О, что со мною сталось? Боже истинный,

О, что со мною сталось? Пустота в душе,

Ушла вся сладость мыслей благодетельных, —

И сердце онемелое в беспамятстве

Готово стать приютом Князя Мерзости.

Не попусти, о боже! Пустоту души

Опять твоей исполни благодатию.

 

Или такое начало поэтической жалобы:

 

Увы! Христе мой, тяжко мне дышать и жить!

Увы! Нет меры, нет конца томлению!

Увы! Все длится странствие житейское,

В разладе с целым миром и с самим собой, —

И образ божий меркнет в унижении!..

 

Или, наконец, такой вопль:

 

Растлился образ божий! Где спасение?

Растлился образ божий, дар прекраснейший!
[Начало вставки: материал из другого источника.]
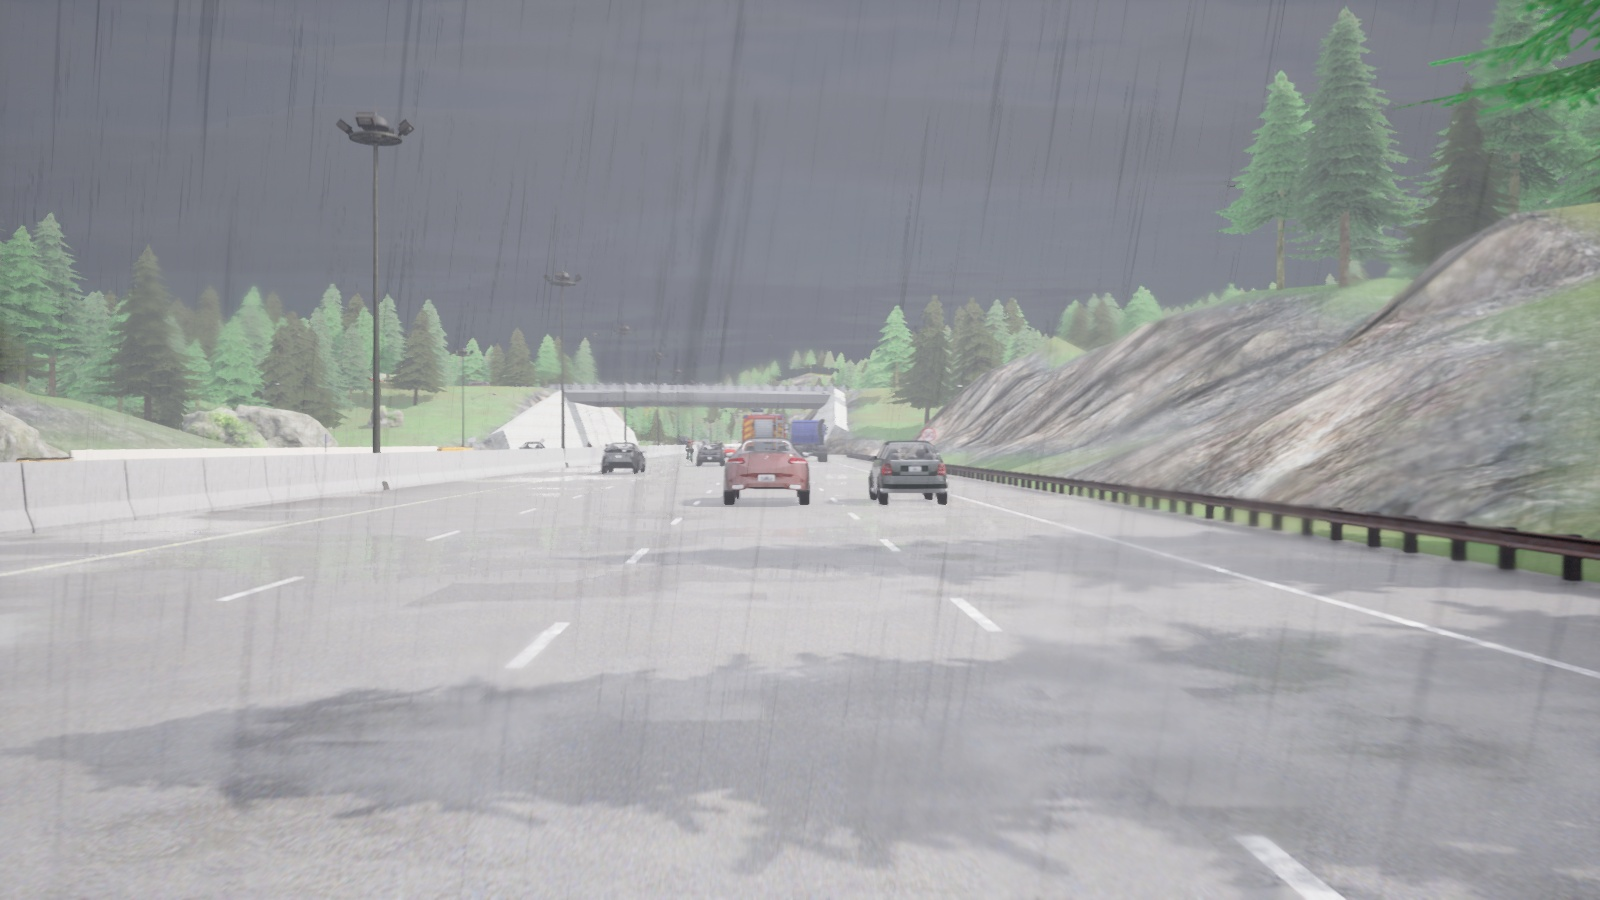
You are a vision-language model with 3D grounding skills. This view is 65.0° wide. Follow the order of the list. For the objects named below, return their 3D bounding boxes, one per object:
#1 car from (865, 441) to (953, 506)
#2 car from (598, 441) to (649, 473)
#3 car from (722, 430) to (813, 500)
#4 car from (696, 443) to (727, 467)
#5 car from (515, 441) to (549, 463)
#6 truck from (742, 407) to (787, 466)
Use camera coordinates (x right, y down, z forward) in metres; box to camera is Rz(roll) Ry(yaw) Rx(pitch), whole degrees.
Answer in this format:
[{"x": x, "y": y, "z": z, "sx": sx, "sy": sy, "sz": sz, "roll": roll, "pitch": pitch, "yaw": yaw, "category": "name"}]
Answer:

Господень образ гибнет! О злодей, злодей,

Ты душу подменил мне! Как в огне горю!..

 

В этих плачах становится мужественной и значительной та неантичная слезность, которая была такой сен­тиментальной еще в так называемых позднеантичных романах вроде Гелиодоровых «Эфиопик»; здесь она обретает, наконец, самое серьезное содержание, фиксируя новый образ человека. Образ этот оказывается разомкнутым, причем не только вверх — в направлении боже­ственно-сверхчеловеческих возможностей, по и вниз — в направлении бесовских внушений, насилующих и расщепляющих волю. Человек не может объяснить свою внутреннюю жизнь без понятия благодати и понятия демонской «одержимости». Если классическое античное представление о человеке было статуарно-замкнутым и массивно-целостным, то христианство с небывалой интенсивностью выясняет мучительное раздвоение внутри личности: «Не понимаю, что Делаю: потому что не то делаю, что хочу, а что ненавижу, то делаю. Если же делаю то, чего не хочу, то соглашаюсь с законом, что он добр, а потому уже не я делаю то, но живущий во мне грех. Ибо знаю, что не живет во мне, то есть во плоти моей, доброе; потому что желание добра есть во мне, но чтобы сделать оное, того не нахожу. Доброго, которого хочу, не делаю, а злое, которого не хочу, де­лаю. Если же делаю то, чего не хочу: уже не я делаю то, но живущий во мне грех... В членах моих вижу иной закон, противоборствующий закону ума моего и делаю­щий меня пленником закона греховного» (Послание к Римлянам, VII ап. Павла). И для хри­стианского мировоззрения, как для языческой античной философии, человеческая природа сохраняет централь­ное положение среди всего сущего; но природа эта уже не покоится в себе и не вращается вокруг своей оси с равномерностью небесного тела (как это изображено в Платоновой «Тимее» — она простерта между ослепительной бездной благодати и черной бездной погибели, и ей предстоит некогда с неизбежностью устремиться либо в одну, либо в другую из этих бездн.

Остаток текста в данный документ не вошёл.